(Quick note: all of Edward's song titles I make up myself, any resemblance to songs out there, are simply coincidental.)
.3.
"Right, girlies, Emmett is willing to collect us at three when he gets off work, so the plan is to get drunk, make a fool of ourselves in front of Mr. Masen, and end the night on a high! Who's with me?" Because we are so seriously cool, Alice and I fist pumped the air and cheered along with Rose, "yeeah!" I haven't had a sip of alcohol all week – I know, send me to a doctor, pronto! – but I have come to the conclusion that I am drunk on excitement, or, the idea of possibly dirty dancing with a certain someone.
"Do you think he's allowed to get drunk?"
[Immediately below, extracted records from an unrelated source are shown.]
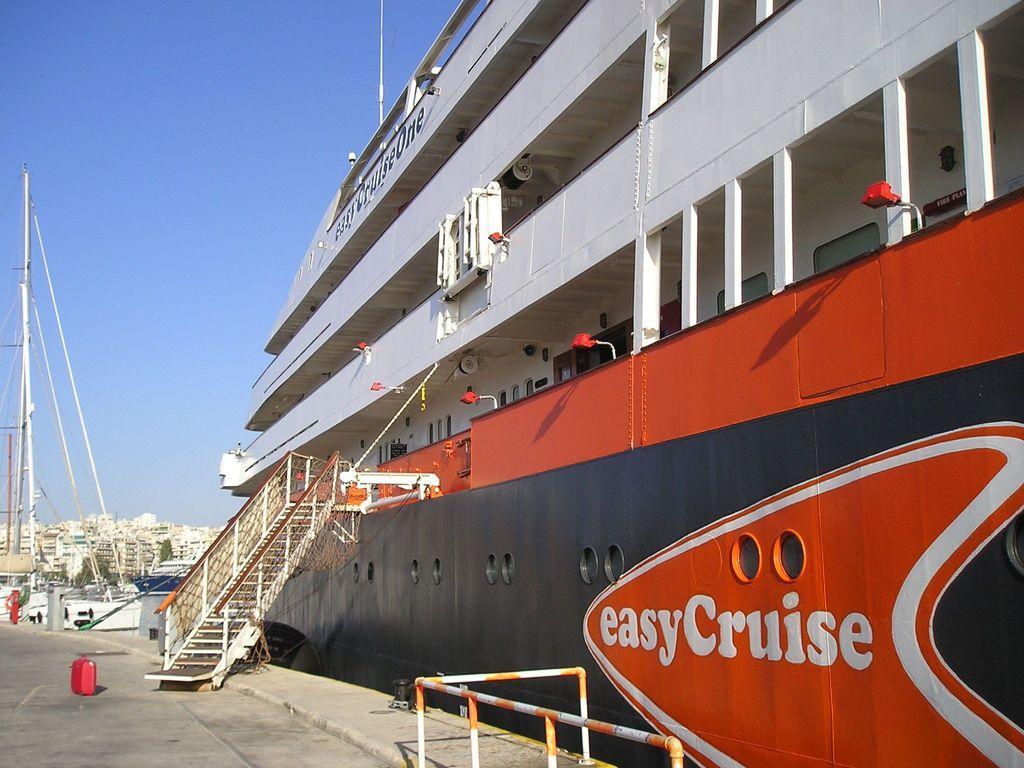Please provide a concise description of this image. In this image there is a ship. There is text on the ship. To the left there is the ground. There is a railing on the ground. There are steps from the ship to the ground. In the background there are buildings and trees. At the top there is the sky. 
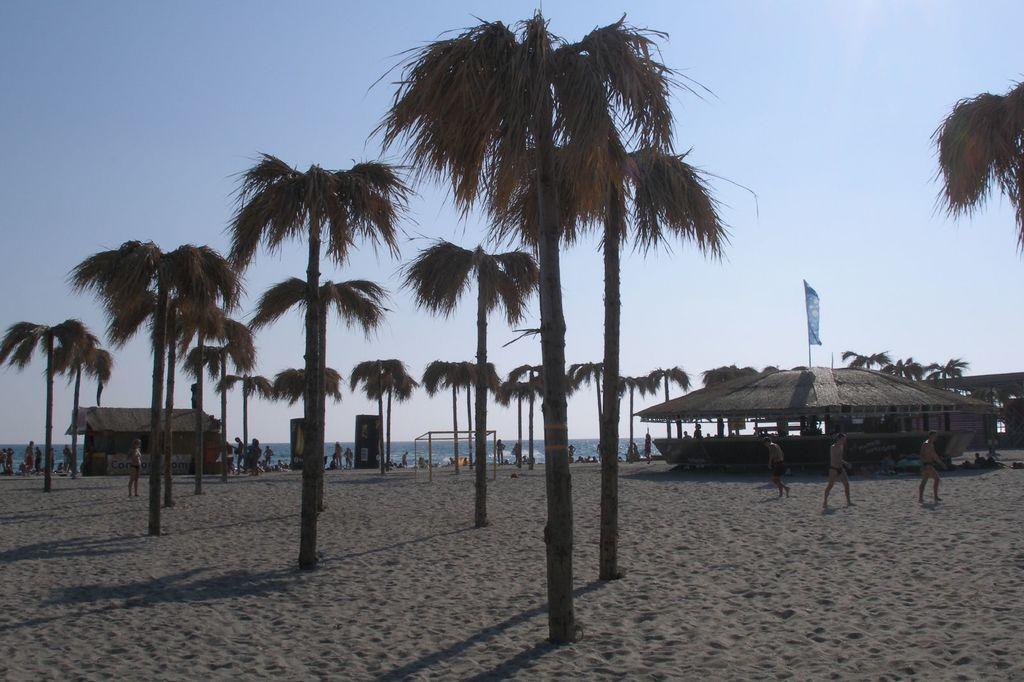How would you summarize this image in a sentence or two? This is a beach. Here I can few houses and trees on the ground. In the background there are few people and an ocean. At the top of the image I can see the sky. On the right side there are three persons walking on the ground. 
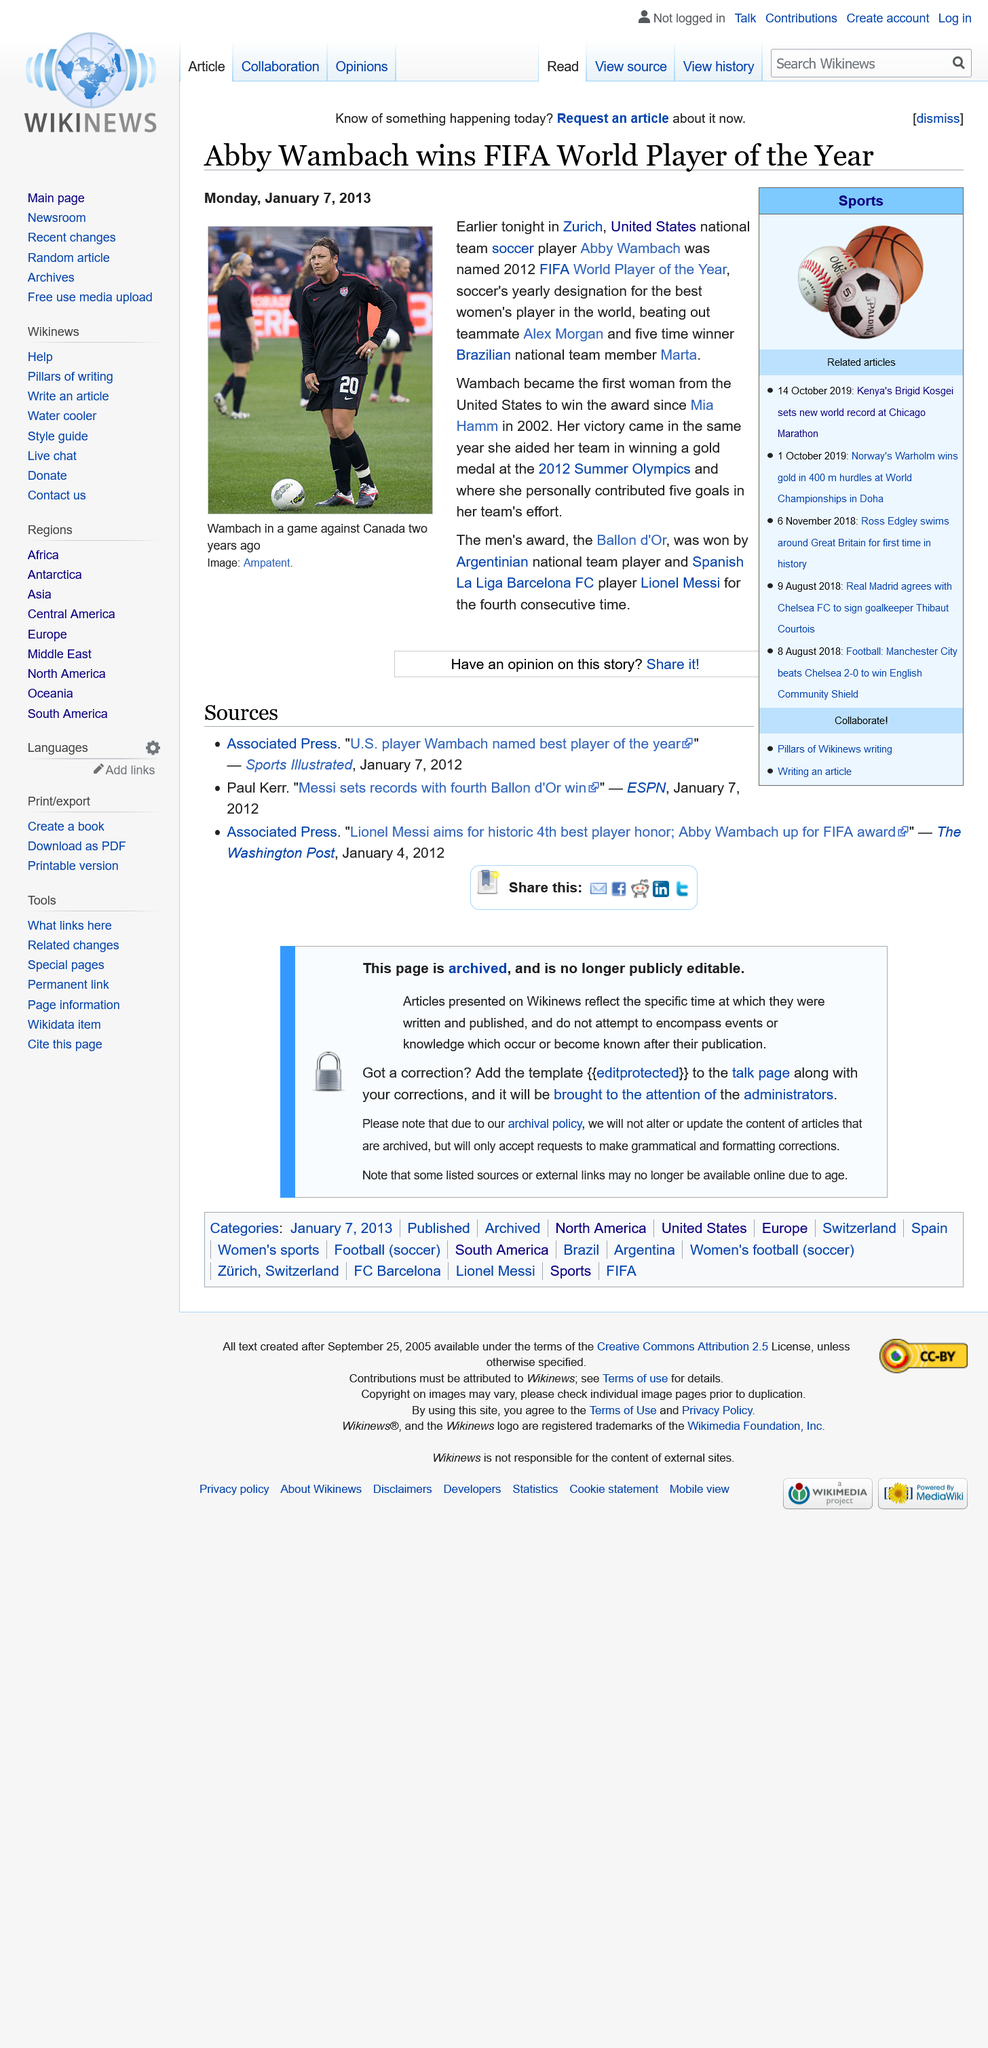Highlight a few significant elements in this photo. Abby Wambach was in the picture. The article was published on July 1, 2013. The speaker is asking a question about a person who was given an award in 2012. The award was the FIFA World Player of the Year. 
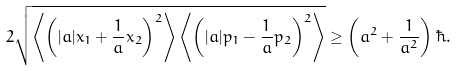Convert formula to latex. <formula><loc_0><loc_0><loc_500><loc_500>2 \sqrt { \left \langle \left ( | a | x _ { 1 } + \frac { 1 } { a } x _ { 2 } \right ) ^ { 2 } \right \rangle \left \langle \left ( | a | p _ { 1 } - \frac { 1 } { a } p _ { 2 } \right ) ^ { 2 } \right \rangle } \geq \left ( a ^ { 2 } + \frac { 1 } { a ^ { 2 } } \right ) \hbar { . }</formula>

Alice gasped, grabbed hold of my arms and stared me straight in the eyes. "Isabella Swan, did you just ask us a question about Edward? A question that you don't know the answer to?"
"Hey, bitch, I don't know everything about him."
Rose looked at me sceptically. "Hmm… so, what's his favourite colour?"
Crap, they've got me. "Blue…"
"What was his first pet? And what was it called?"
"A fish… called Fishy."
"Fishy?" Alice exclaimed, horrified at the thought.
"He was three! And it sort of makes sense to name an animal after the animal…"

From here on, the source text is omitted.